We need to encourage and support generalism, because our patients with complex conditions need holistic, longitudinal and coordinated care – and studies show it is safer and more cost-effective too.

10. Rational and sustainable use of health resources

We need to train and support all health professionals to allocate scarce healthcare resources appropriately. Patients and carers need to partner with clinicians in ‘Choosing Wisely’ – avoiding futile, unnecessary and sometimes harmful over-diagnosis and over-treatment.

We need to ensure that clinical guidelines are high-level, evidence-informed and developed through expert review and revision – ideally at national level, to avoid duplication, contradiction, confusion and conflict-of-interest. We need to minimise waste and environmental damage from healthcare.

11. Positive workplace cultures

We need to care for people who care for patients. This requires training and supporting health leaders, ensuring performance targets are realistic and patient-focused, transparency around planning and budgeting, clinician and patient engagement in decision-making and excellent people management.

It requires attention to workplace design, team relationships and rostering – to allow meal breaks, education, adequate sleep and connection. It requires genuine support for diversity and inclusion, including flexible working and training options. It requires humanity, compassion and care.

Blast from the past?

The sad thing is that none of these suggestions are new.

Similar recommendations have been made many times before.

Have a look at the Walker Inquiry Report (NSW 2004), the Garling Report (NSW 2008), the health section of the Australia 2020 Summit Report (2008), the National Health and Hospitals Reform Commission Report (2009), or Productivity Commission Reports into the Hospital System (2009) and the Health Workforce (2006).

More recently, similar recommendations have been made in the Productivity Commission’s draft Report into Mental Health (October 2019), the Interim Report of the Royal Commission into Victoria’s Mental Health System (ongoing) and the Interim Report of the Aged Care Royal Commission (ongoing).
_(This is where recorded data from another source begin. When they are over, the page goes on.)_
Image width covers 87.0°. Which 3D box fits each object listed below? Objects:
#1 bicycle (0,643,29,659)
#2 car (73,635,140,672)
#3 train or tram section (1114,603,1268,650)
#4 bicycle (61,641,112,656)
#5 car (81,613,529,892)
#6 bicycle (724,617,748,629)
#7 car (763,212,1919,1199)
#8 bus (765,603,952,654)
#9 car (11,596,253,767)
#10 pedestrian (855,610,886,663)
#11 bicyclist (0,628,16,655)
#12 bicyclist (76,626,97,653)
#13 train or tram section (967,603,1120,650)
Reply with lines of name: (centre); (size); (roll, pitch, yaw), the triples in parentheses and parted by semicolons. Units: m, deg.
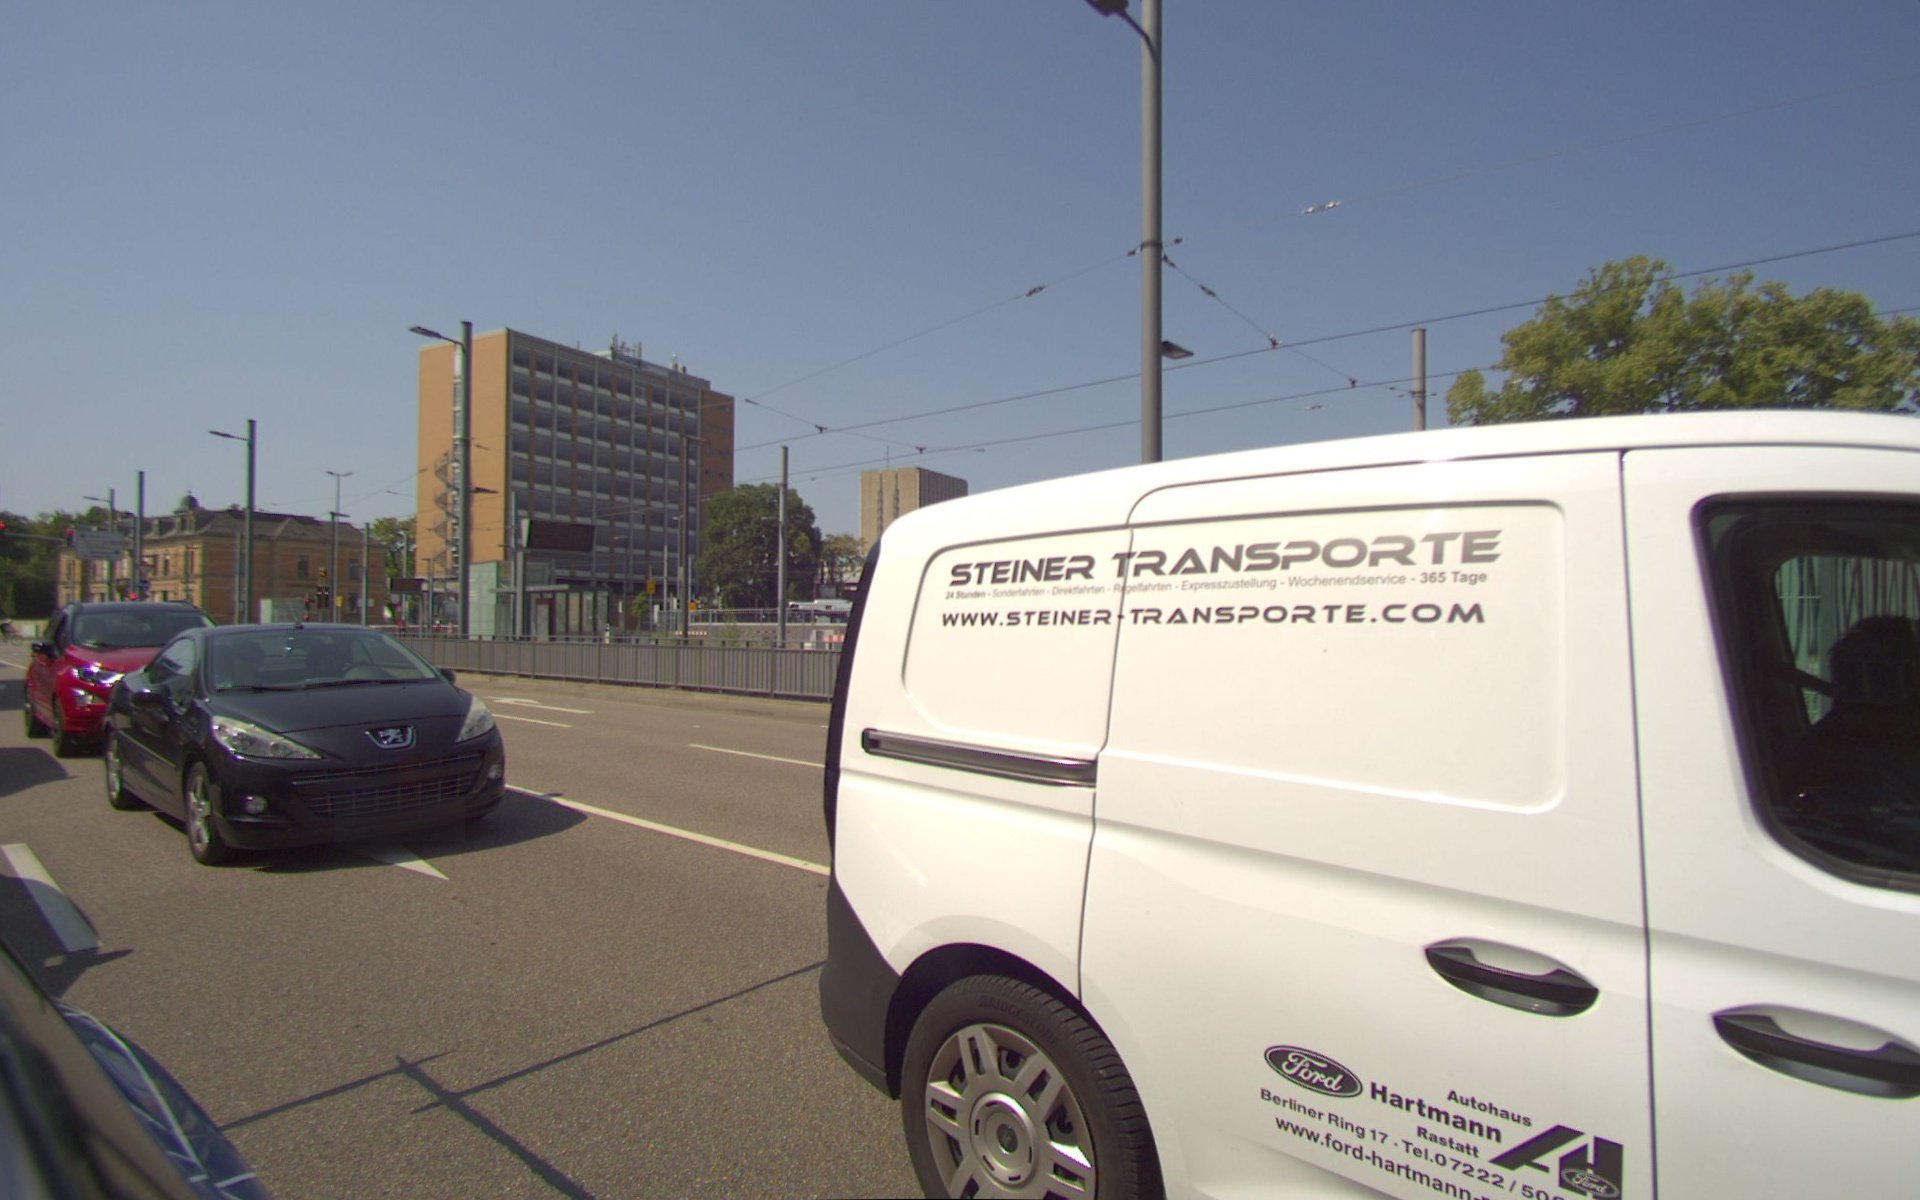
bicycle: (-63.814, 3.398, 67.466); (2.481, 1.028, 0.786); (1, -2, -14)
car: (-37.400, 2.356, 44.318); (4.573, 1.446, 1.727); (-4, -1, 43)
train or tram section: (18.846, 2.171, 82.701); (12.180, 3.794, 2.002); (0, -2, -4)
bicycle: (-59.412, 3.308, 68.843); (2.481, 1.024, 0.786); (1, -2, -14)
car: (-4.743, 0.828, 7.110); (3.799, 1.424, 1.671); (-1, -1, 41)
bicycle: (-21.176, 2.169, 95.647); (2.149, 1.109, 0.666); (-1, 0, -28)
car: (1.660, 0.480, 1.795); (4.237, 1.834, 1.729); (-1, -1, 41)
bus: (-7.316, 2.006, 73.620); (13.205, 3.319, 3.354); (-1, 0, -4)
car: (-9.603, 0.813, 11.623); (3.967, 1.633, 1.612); (-1, -1, 43)
pedestrian: (-3.079, 1.244, 34.645); (0.761, 1.801, 0.735); (-2, -3, 42)
bicyclist: (-63.843, 2.761, 67.485); (0.966, 1.755, 0.786); (1, -2, -15)
bicyclist: (-59.438, 2.676, 68.872); (0.776, 1.821, 0.786); (1, -2, -15)
train or tram section: (6.692, 2.154, 81.798); (12.180, 3.794, 2.002); (0, -2, -4)

I’ve also written about these issues before – see my article ‘Inside the Emergency Department’ written for the MJA in 2007, or ‘Reforming public hospitals: an assessment of the Garling Inquiry’ published in 2008, or a piece co-authored with Jeffrey Braithwaite and Mei Ling Doery ‘A values-based health system’, also in the MJA, published in 2011.

Over the years, numerous opinion pieces for Croakey, New Matilda, and The Sydney Morning Herald have also made the case for change.

Why haven’t all these reports and recommendations created the desired changes?

The Australian health care system is highly complicated. Three tiers of government deliver a hybrid public-private model. There are countless stakeholders – politicians, public servants, the professions, pharmaceutical and medical device companies, health insurers, not-for-profit organisations, charities and consumer groups – many of whom have an interest in preserving some aspect of the status quo.

Coordinating change will be difficult – it requires co-operation and collaboration, putting aside differences to build a new system that puts the needs of patients at the centre. It needs clever strategy, political vision and courageous leadership.

The system is unsustainable. It is not good for patients or clinicians. It is costing money and lives. We cannot continue on the same trajectory. The time has come to act.

I’ve got my fingers crossed that in 2020, my New Year’s resolutions carry through.